◆ **Entries provided**
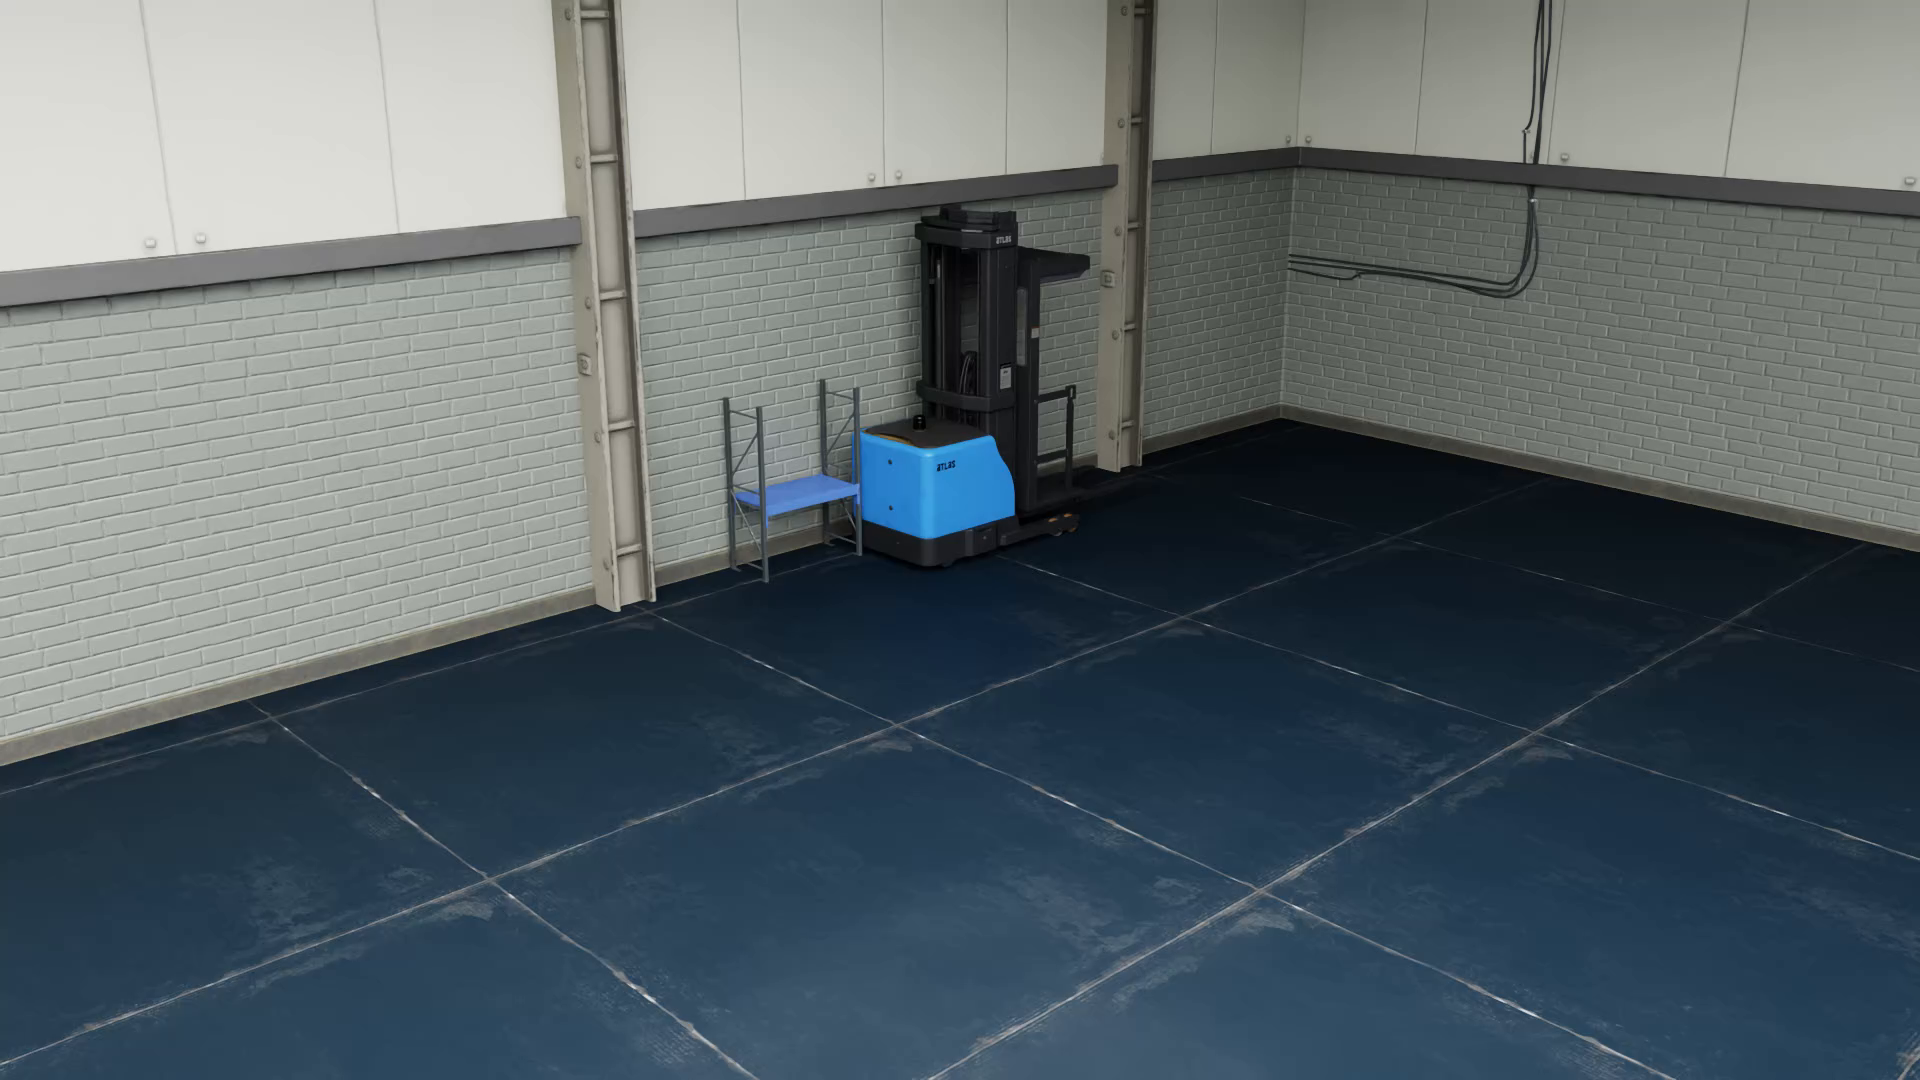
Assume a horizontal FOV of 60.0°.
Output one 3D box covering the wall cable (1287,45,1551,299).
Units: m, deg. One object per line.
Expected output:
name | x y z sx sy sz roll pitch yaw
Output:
wall cable | 4.705 -3.904 17.471 0.112 2.526 3.097 -16 24 -41

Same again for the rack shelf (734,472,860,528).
rack shelf | -1.409 -0.352 14.221 1.000 0.185 0.538 -16 24 -41

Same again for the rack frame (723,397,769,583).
rack frame | -1.780 -0.416 13.835 0.032 1.500 0.500 -16 24 -41

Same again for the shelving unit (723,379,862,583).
shelving unit | -1.409 -0.523 14.166 1.048 1.500 0.538 -16 24 -41

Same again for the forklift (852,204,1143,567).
forklift | 0.453 -1.529 14.949 3.031 2.935 1.130 -17 24 -41

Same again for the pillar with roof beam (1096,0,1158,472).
pillar with roof beam | 4.614 -4.089 13.005 0.400 9.000 9.100 -16 24 -41

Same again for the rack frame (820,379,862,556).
rack frame | -1.037 -0.630 14.496 0.032 1.500 0.500 -16 24 -41

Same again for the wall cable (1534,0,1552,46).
wall cable | 6.564 -5.700 14.822 0.112 2.526 3.097 -16 24 -41

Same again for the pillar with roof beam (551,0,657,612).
pillar with roof beam | 0.254 -2.817 9.084 0.400 9.000 9.100 -16 24 -41
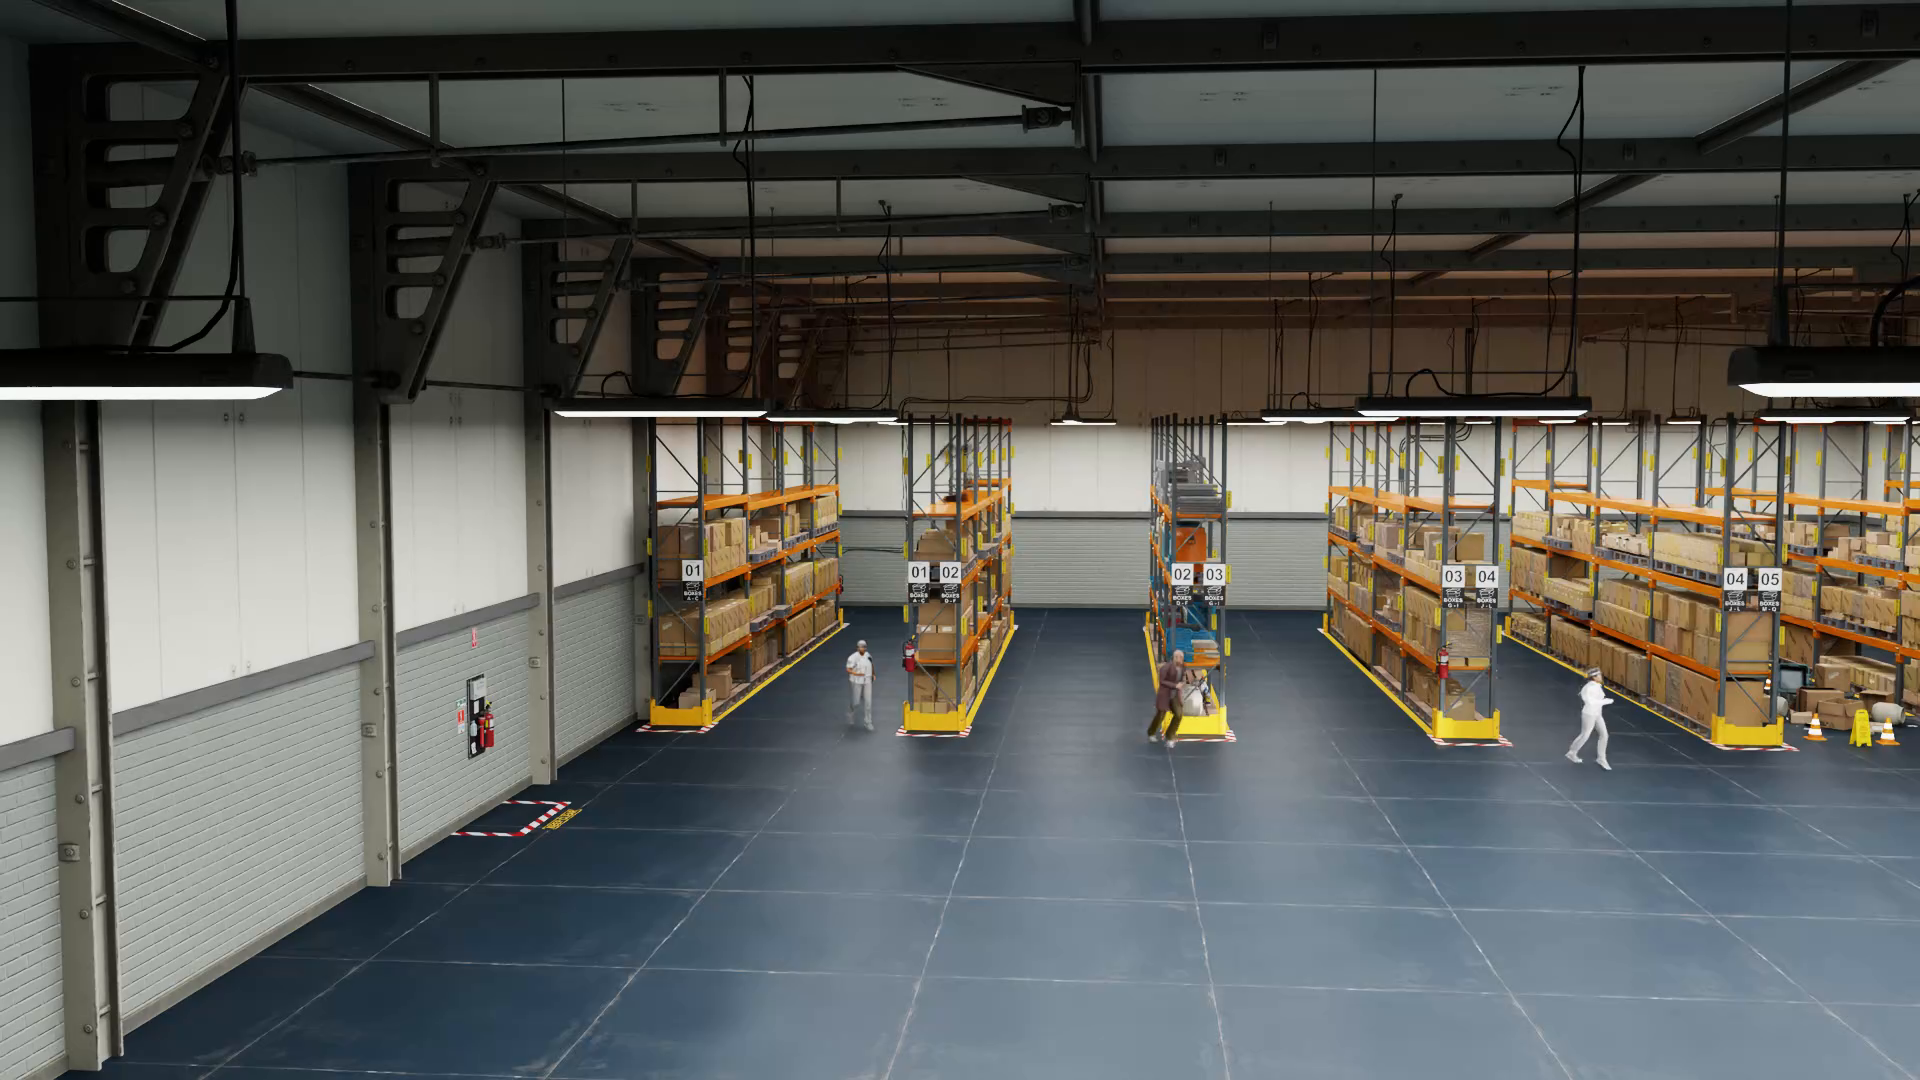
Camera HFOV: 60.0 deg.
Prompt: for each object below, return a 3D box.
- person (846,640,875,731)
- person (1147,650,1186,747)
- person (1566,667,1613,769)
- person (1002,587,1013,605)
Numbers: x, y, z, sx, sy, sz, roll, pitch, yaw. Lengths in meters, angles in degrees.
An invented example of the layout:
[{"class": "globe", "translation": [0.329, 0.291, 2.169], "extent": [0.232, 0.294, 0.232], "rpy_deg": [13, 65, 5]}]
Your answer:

◆ **What you will do**
Please go through the listing and return each line that has "object" in it.

◆ **Answer for this exercise**
Units: m, deg. One object per line.
Prompt: for each object below, return a 3D box.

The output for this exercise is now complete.